Task to complete: Word for word, return the lines from the top of the listing to the line containing "Derive from this", both ends included, and no others.
+++
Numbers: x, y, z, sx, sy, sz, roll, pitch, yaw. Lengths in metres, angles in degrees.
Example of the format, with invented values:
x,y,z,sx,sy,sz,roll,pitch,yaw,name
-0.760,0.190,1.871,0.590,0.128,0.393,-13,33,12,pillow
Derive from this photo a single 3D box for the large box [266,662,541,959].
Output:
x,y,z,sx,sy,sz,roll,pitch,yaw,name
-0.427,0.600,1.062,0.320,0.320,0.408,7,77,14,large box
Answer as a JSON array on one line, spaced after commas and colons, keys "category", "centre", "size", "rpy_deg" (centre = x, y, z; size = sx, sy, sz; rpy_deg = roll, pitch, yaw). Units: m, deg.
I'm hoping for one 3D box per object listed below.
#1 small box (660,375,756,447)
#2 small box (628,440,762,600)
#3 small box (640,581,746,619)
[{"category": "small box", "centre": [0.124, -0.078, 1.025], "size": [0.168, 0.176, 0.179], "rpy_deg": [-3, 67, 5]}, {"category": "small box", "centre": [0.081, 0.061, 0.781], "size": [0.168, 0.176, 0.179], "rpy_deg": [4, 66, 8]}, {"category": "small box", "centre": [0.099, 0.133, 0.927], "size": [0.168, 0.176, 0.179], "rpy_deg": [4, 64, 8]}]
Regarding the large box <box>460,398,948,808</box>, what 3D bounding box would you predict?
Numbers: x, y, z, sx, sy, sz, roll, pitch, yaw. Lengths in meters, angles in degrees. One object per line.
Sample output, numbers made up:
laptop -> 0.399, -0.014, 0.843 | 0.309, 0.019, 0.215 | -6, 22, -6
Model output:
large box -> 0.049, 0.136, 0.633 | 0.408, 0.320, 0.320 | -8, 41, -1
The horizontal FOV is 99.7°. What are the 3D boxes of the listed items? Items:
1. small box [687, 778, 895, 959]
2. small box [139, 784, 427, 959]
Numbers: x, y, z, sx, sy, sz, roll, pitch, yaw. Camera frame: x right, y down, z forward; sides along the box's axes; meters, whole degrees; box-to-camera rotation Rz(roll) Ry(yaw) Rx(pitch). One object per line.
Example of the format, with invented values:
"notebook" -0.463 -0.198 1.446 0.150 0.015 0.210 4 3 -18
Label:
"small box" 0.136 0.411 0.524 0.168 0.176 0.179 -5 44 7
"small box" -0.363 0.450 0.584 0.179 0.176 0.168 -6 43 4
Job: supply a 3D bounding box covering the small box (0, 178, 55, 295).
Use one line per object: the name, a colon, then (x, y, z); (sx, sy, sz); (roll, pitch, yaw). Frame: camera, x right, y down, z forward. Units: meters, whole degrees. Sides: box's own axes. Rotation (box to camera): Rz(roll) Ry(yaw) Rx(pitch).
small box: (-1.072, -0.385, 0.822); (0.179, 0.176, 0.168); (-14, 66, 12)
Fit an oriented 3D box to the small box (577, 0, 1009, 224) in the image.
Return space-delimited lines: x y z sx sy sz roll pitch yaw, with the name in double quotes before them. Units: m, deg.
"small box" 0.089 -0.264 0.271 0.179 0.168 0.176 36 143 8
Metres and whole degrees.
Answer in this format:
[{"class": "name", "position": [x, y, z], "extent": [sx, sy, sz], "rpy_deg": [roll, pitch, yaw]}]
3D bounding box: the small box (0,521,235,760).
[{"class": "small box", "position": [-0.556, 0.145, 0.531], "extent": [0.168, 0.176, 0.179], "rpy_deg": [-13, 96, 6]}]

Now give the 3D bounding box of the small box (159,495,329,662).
+++
Problem solution:
Numbers: x, y, z, sx, sy, sz, roll, pitch, yaw. Lengths in metres, angles in degrees.
Example of the format, with invented values:
x,y,z,sx,sy,sz,roll,pitch,yaw,name
-0.760,0.190,1.871,0.590,0.128,0.393,-13,33,12,pillow
Derive from this photo a single 3D box for the large box [266,662,541,959].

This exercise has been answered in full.